(Waterloo, IA) Vice President Al Gore courted about 200 members of the AFL/CIO, who are attending the union’s state convention in Waterloo, but offered no new campaign promises.

During remarks Thursday, Gore renewed his call for an increase in the minimum wage.

“Let me just tell you, I strongly support another dollar an hour increase in the minimum wage right now, over the next two years and the Republicans are against it,” Gore said, to applause.

Gore was the second presidential candidate to address the Iowa union convention. Competitor Bill Bradley spoke to the group Wednesday, offering a series of proposals, including a ban on hiring replacement workers when a union is on strike.

Gore’s support of the North American Free Trade Agreement prompted some union members to directly question his support of unions. NAFTA, according to many unions, is hastening the decline of America’s industrial sector and accelerating the loss of U.S. jobs to new factories in other countries where workers are paid less.
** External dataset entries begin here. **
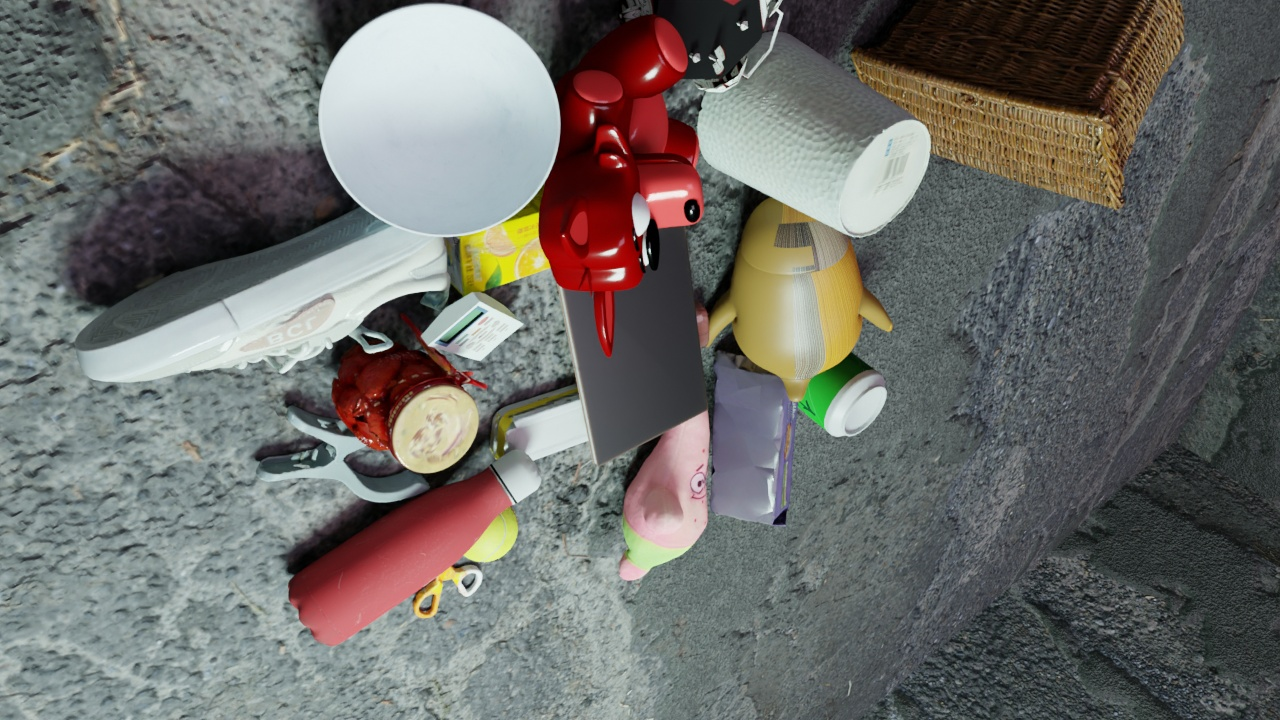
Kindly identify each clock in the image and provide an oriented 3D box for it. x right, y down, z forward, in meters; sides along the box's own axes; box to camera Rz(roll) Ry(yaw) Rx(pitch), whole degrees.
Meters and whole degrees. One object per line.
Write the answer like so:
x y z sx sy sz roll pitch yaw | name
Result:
0.060 -0.265 0.699 0.154 0.065 0.115 13 113 -46 | clock

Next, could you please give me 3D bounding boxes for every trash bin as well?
0.150 -0.189 0.787 0.133 0.161 0.133 -27 139 -26 | trash bin

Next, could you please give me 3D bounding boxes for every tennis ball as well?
-0.152 0.163 0.895 0.065 0.065 0.065 -27 140 -26 | tennis ball

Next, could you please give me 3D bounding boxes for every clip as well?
-0.221 0.057 0.760 0.166 0.028 0.127 18 108 -53 | clip

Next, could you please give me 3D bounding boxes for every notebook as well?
-0.002 -0.016 0.873 0.141 0.008 0.209 -25 121 -28 | notebook

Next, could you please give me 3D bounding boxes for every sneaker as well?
-0.232 -0.028 0.607 0.241 0.089 0.091 -29 125 -29 | sneaker

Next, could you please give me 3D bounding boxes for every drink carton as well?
-0.090 -0.101 0.727 0.134 0.043 0.059 -23 137 -30 | drink carton

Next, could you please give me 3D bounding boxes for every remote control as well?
-0.132 -0.029 0.722 0.049 0.024 0.143 -40 173 2 | remote control

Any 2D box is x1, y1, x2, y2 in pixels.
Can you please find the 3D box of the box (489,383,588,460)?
-0.053 0.052 0.921 0.209 0.033 0.064 -18 133 -35 | box

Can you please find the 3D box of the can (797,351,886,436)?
0.208 0.019 1.062 0.087 0.140 0.088 -27 140 -26 | can

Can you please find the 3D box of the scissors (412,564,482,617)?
-0.193 0.214 0.948 0.096 0.012 0.133 -12 133 -40 | scissors

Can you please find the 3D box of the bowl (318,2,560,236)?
-0.128 -0.160 0.588 0.144 0.074 0.144 -7 123 -11 | bowl

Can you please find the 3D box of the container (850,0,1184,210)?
0.363 -0.287 0.860 0.183 0.250 0.162 -59 144 -1 | container

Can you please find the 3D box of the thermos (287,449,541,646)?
-0.196 0.160 0.828 0.239 0.073 0.073 -34 142 -11 | thermos

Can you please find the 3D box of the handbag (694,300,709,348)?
0.015 -0.016 0.934 0.119 0.029 0.055 -25 134 -20 | handbag

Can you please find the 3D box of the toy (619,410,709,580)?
0.038 0.143 1.049 0.191 0.097 0.237 -42 148 -68 | toy

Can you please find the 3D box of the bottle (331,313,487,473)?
-0.176 0.026 0.701 0.098 0.111 0.099 -19 120 -35 | bottle

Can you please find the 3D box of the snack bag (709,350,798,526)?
0.126 0.089 1.036 0.058 0.096 0.205 -40 134 -64 | snack bag

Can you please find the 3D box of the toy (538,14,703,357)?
-0.015 -0.125 0.651 0.158 0.120 0.196 77 19 -61 | toy

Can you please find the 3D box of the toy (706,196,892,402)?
0.155 -0.084 0.927 0.199 0.162 0.204 -4 137 8 | toy

On Thursday,

Gore reminded the AFL/CIO members of President Clinton’s rejection of other anti-union proposals advanced by the Republican-led Congress.

“If they pass another one, he’ll veto them again,” Gore said. “If they try it after 2000, I’ll veto it and keep them from doing that.”

The biggest response from the crowd came when Gore commented on this past Saturday’s Iowa Republican Party Straw Poll, which presidential candidate George W. Bush won with 31 percent of the vote.

“Wasn’t that a bunch over there?” Gore asked, as the crowd laughed. “I’m telling you, all that commotion and fuss just so they can get a jump on picking the person who’ll come in second in November of 2000.”